しかし「人間に優しいライオン」と聞いて思い浮かべるのは「絵本」だ。要するに現実的ではない。
一説によると、そういう魔王は人知れずひっそりと暮らしているとか。
王都の地下には魔王がいて、お姫様とマブダチだとか。
裏山に済む物知りジイさんが実は魔王だとか。
隣の家に住む美しいお姉さんが魔王だとか。
異国のオモチャを売ってる怪しいオッサンが実は魔王だったとか。
そういう諸説(おとぎ話)は結構多い。
まぁ、嘘か本当かはどうでもいい。
「うーあーうーあーうーうーあー♪」
自然発生する精霊。魔王。
いきなり世界に現れるのだから、当然親などいない。
一人で生き、一人で戦い、いつか死ぬ。
奴らは発生したての頃こそ雑魚であるが、その強さの伸びしろがハンパない。
そして苛烈な生存競争に勝ち抜いて実力を得たものが、ヒマを持てあまして個性を得るのだ。魔王としての個性ではなく、世界に唯一存在する自我、という意味での個性を。
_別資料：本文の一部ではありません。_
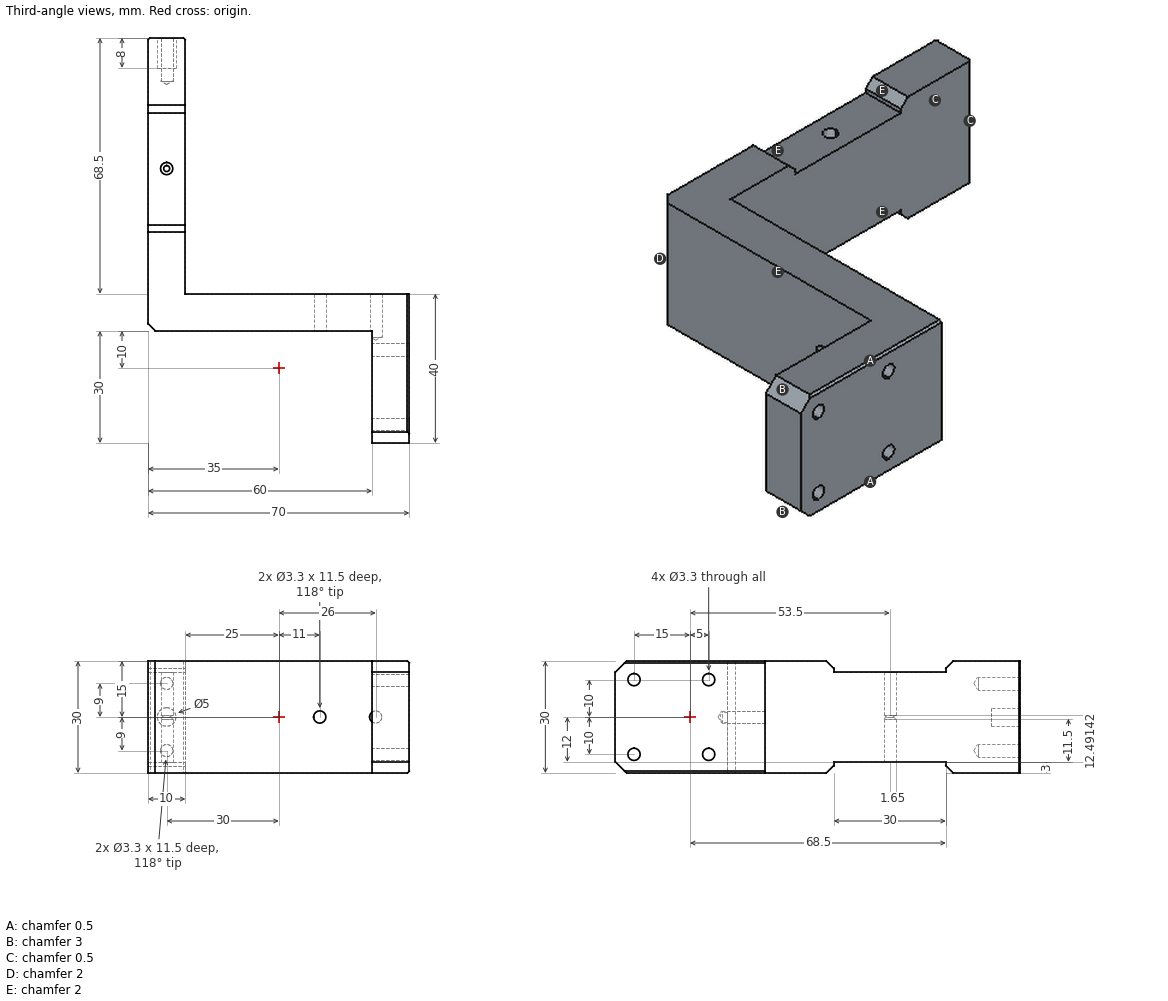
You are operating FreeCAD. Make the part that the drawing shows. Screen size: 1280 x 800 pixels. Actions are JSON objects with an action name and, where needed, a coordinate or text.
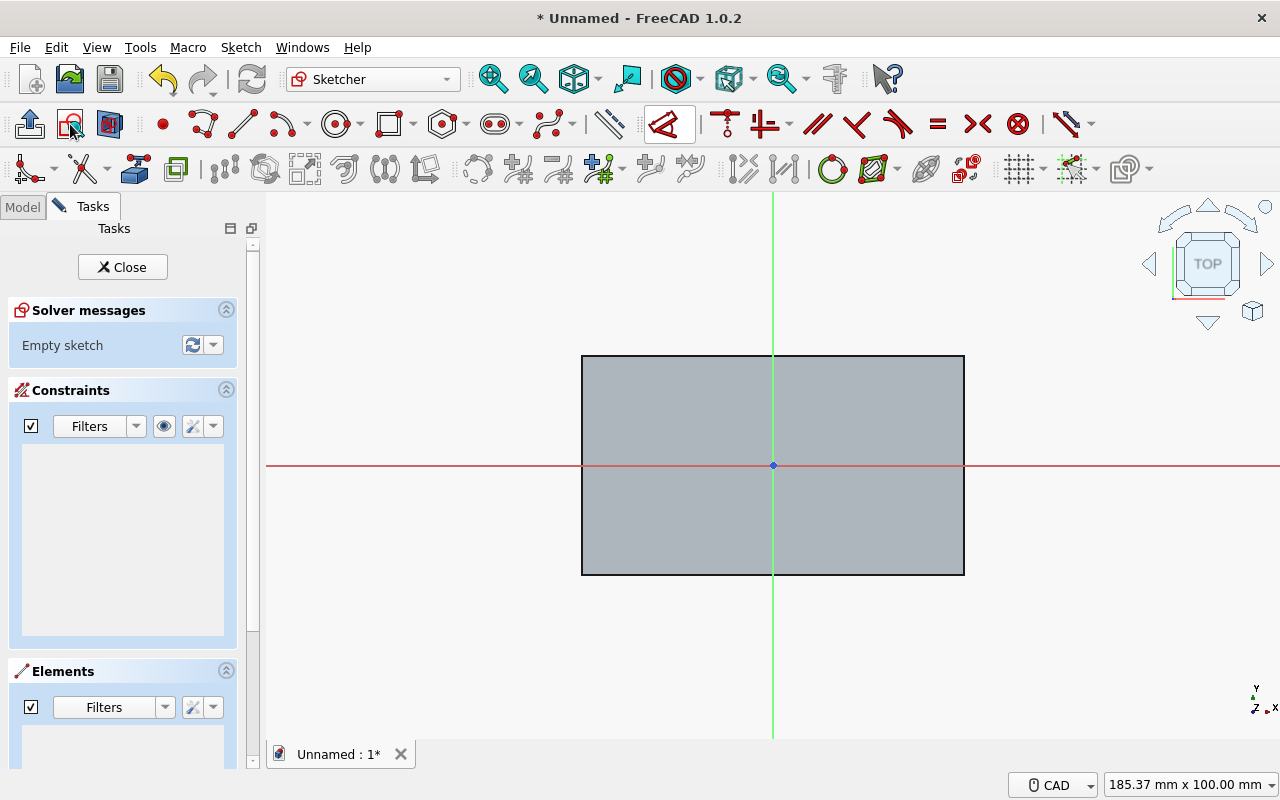
{"action": "scroll", "coordinate": [796, 526], "scroll_direction": "up", "scroll_amount": 3}

そんな魔王の親代わりになったヤツなんて、古今東西どんな書物にも口伝にも登場しない。
「やべぇ、ちょっとワクワクしてきた」
「あうーぅ?」
目の前に魔王の子供がいる。俺の人生でもベスト5に入るサプライズイベントだ。
強さの伸びしろは他の追随を許さず、単騎としてはぶっちぎりの世界最高戦力である魔王。
そんな恐怖の魔王が本当に「お姫様とマブダチ」だったり「裏山の物知りジジイ」だったり「隣りの綺麗なお姉さん」になれるのか否か。やっべ。マジで面白い。興味深すぎる。
いかん。ほんの数分前は「話し相手ぐらいになってくれればいいなぁ」程度だったのに、よく考えたらそんなレベルじゃねぇぞこれ。だって魔王だぞ魔王。
世界を滅ぼす精霊を、俺が育てようだなんて。
面白い。面白すぎる。うわぁ、やばい。期待と不安と希望と絶望の種がごちゃまぜになってきた。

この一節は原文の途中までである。